Records shown START

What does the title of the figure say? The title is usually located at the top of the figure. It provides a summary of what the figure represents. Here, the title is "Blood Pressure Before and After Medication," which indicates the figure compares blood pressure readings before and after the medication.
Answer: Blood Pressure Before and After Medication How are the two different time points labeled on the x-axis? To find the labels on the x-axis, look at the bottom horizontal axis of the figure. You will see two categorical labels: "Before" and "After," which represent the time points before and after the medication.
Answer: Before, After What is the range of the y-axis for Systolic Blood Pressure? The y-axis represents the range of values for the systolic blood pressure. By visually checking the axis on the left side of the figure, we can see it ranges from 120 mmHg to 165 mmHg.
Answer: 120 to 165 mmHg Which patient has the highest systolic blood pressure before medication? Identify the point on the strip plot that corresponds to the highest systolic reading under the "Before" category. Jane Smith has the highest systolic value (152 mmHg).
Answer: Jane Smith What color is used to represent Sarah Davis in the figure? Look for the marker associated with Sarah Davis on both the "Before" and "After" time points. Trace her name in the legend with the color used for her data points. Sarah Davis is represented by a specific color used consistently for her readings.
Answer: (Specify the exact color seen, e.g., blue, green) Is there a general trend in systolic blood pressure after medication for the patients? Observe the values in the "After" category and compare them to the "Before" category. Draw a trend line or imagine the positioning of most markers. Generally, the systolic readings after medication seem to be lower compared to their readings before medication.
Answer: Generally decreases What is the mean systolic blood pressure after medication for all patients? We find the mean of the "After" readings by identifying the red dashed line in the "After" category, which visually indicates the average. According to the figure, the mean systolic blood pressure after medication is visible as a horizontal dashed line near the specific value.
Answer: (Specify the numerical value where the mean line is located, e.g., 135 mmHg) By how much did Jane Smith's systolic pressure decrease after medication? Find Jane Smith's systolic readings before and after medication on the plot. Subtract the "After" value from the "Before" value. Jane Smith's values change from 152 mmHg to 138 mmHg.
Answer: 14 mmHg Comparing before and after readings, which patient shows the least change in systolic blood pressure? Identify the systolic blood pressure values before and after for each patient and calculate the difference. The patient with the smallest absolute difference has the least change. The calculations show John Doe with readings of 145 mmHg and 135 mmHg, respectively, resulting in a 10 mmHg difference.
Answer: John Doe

Records shown END

**Task objective:**
Write the listing out again so that nothing in it differs from the original.

**Response:**
What does the title of the figure say? The title is usually located at the top of the figure. It provides a summary of what the figure represents. Here, the title is "Blood Pressure Before and After Medication," which indicates the figure compares blood pressure readings before and after the medication.
Answer: Blood Pressure Before and After Medication How are the two different time points labeled on the x-axis? To find the labels on the x-axis, look at the bottom horizontal axis of the figure. You will see two categorical labels: "Before" and "After," which represent the time points before and after the medication.
Answer: Before, After What is the range of the y-axis for Systolic Blood Pressure? The y-axis represents the range of values for the systolic blood pressure. By visually checking the axis on the left side of the figure, we can see it ranges from 120 mmHg to 165 mmHg.
Answer: 120 to 165 mmHg Which patient has the highest systolic blood pressure before medication? Identify the point on the strip plot that corresponds to the highest systolic reading under the "Before" category. Jane Smith has the highest systolic value (152 mmHg).
Answer: Jane Smith What color is used to represent Sarah Davis in the figure? Look for the marker associated with Sarah Davis on both the "Before" and "After" time points. Trace her name in the legend with the color used for her data points. Sarah Davis is represented by a specific color used consistently for her readings.
Answer: (Specify the exact color seen, e.g., blue, green) Is there a general trend in systolic blood pressure after medication for the patients? Observe the values in the "After" category and compare them to the "Before" category. Draw a trend line or imagine the positioning of most markers. Generally, the systolic readings after medication seem to be lower compared to their readings before medication.
Answer: Generally decreases What is the mean systolic blood pressure after medication for all patients? We find the mean of the "After" readings by identifying the red dashed line in the "After" category, which visually indicates the average. According to the figure, the mean systolic blood pressure after medication is visible as a horizontal dashed line near the specific value.
Answer: (Specify the numerical value where the mean line is located, e.g., 135 mmHg) By how much did Jane Smith's systolic pressure decrease after medication? Find Jane Smith's systolic readings before and after medication on the plot. Subtract the "After" value from the "Before" value. Jane Smith's values change from 152 mmHg to 138 mmHg.
Answer: 14 mmHg Comparing before and after readings, which patient shows the least change in systolic blood pressure? Identify the systolic blood pressure values before and after for each patient and calculate the difference. The patient with the smallest absolute difference has the least change. The calculations show John Doe with readings of 145 mmHg and 135 mmHg, respectively, resulting in a 10 mmHg difference.
Answer: John Doe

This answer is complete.